II. Imagine Photography Exploration (10 min)
Step 1:
Project the following photograph from Imagine:
Palestinians flee attack. Up to 1,500 Palestinians died in the Karantina massacre (an incident within the larger Lebanese civil war) by Christian Falangist gunmen. Beirut, Lebanon, 1976.
Credit: Don McCullin, Unreasonable Behaviour: The Updated Autobiography, London: Jonathan Cape, 2015
Step 2:
Examine the photograph above taken by Don McCullin during the Karantina massacre by Christian Falangist gunmen in Beirut, Lebanon, 1976. In 1976 a Christian militia attacked and evicted the Palestinian refugee population, killing 1,500, in what became known as the Karantina massacre. Think about the following:
● What do you notice?
● What questions do you have?
● For what or whom in this photograph do you feel empathy for or about?
III. Imagine excerpt by Robin Wright & Identity Activity (10 min)
Step 1:
Now, read the following excerpt from Imagine by Robin Wright to provide some context for the protracted and ongoing conflict in Lebanon:
“The 15-year conflict in Lebanon actually featured many wars. It erupted, on April 13, 1975, in a hail of bullets fired by a Christian militia and Palestinian gunmen in tit-for-tat ambushes. Most of the first victims were civilians shot while standing in front of a church or riding on a public bus. The war in the little Levantine country, which is about the size of Connecticut, eventually spilled across borders, then continents. More than a dozen local militias and the armies or interests of foreign governments on four continents were sucked into the strife. Like most conflicts, it proved easier to start than to stop.

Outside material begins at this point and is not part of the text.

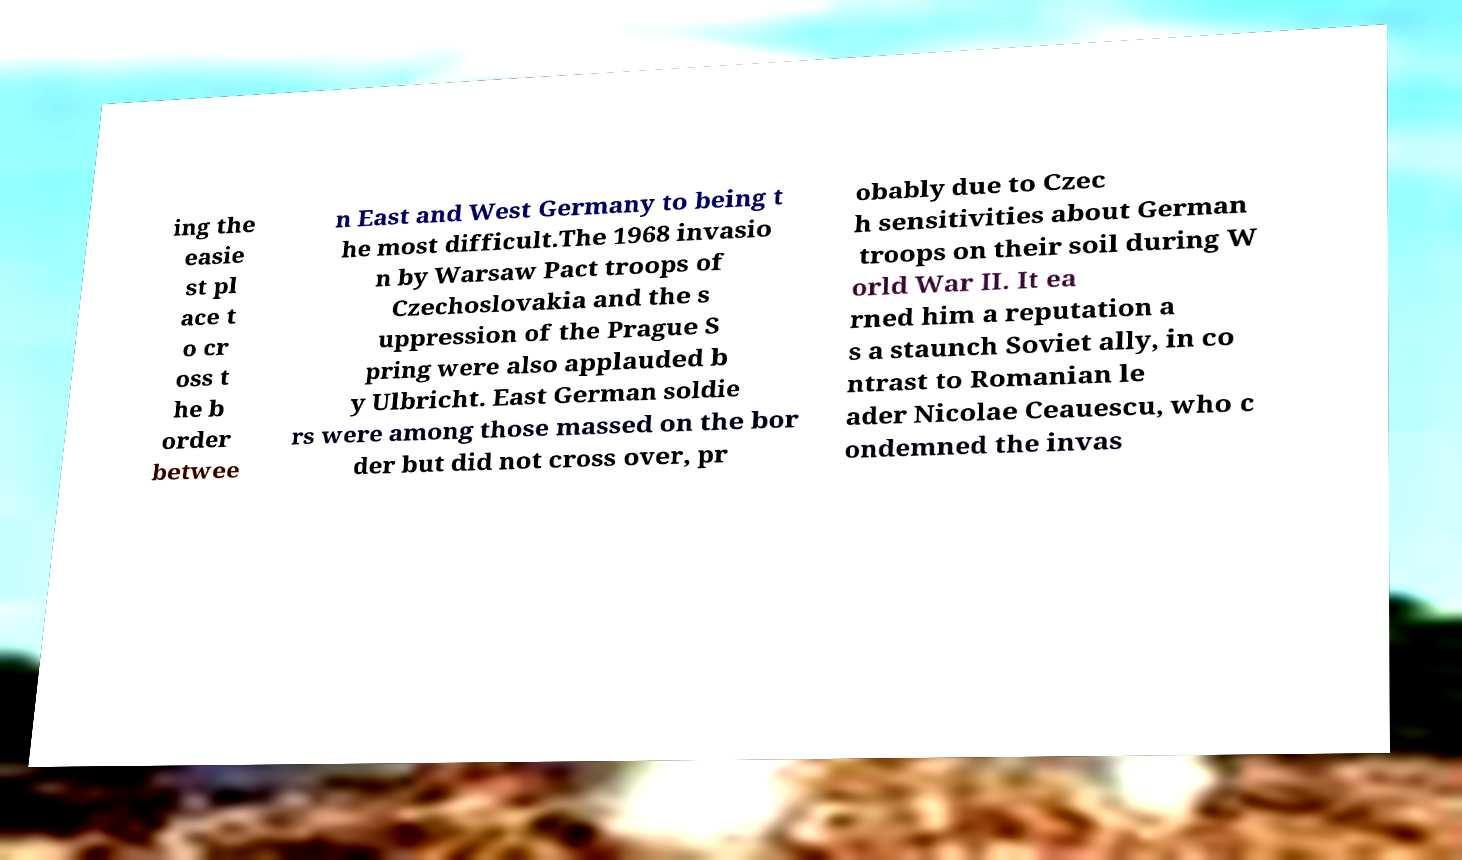Please identify and transcribe the text found in this image. ing the easie st pl ace t o cr oss t he b order betwee n East and West Germany to being t he most difficult.The 1968 invasio n by Warsaw Pact troops of Czechoslovakia and the s uppression of the Prague S pring were also applauded b y Ulbricht. East German soldie rs were among those massed on the bor der but did not cross over, pr obably due to Czec h sensitivities about German troops on their soil during W orld War II. It ea rned him a reputation a s a staunch Soviet ally, in co ntrast to Romanian le ader Nicolae Ceauescu, who c ondemned the invas

The war had many messy layers. Among them, Christians were pitted against Muslims, Palestinians against Israelis, America’s Marines against Iran’s proxies, the West against the East, fascists against socialists, devout believers against stoic atheists. Over time, alliances fluctuated, enemies flipped. The war was full of contradictions. At some point, every major sect also fought its own brethren—just as bloodily—for turf or power. Lebanon’s graveyards (and some backyards) were filled with more than 100,000 war dead. A million people, roughly a quarter of the population, were displaced. As the economy deteriorated, Lebanon became the pirating capital of the world. The nation’s infrastructure—the electricity grid, water supply, and sewage system—collapsed in disrepair; it still hadn’t recovered three decades later.”
Step 2:
In the above excerpt we can see how identity politics create division and othering, while not only prohibiting peace, but fostering conflict and violence. While having certain identifying features to our lives is necessary to create a sense of community, we must be diligent not to allow those distinctive features of our identities to become weaponized as a means to otherize those outside of our cultural, religious, or ethnic norm.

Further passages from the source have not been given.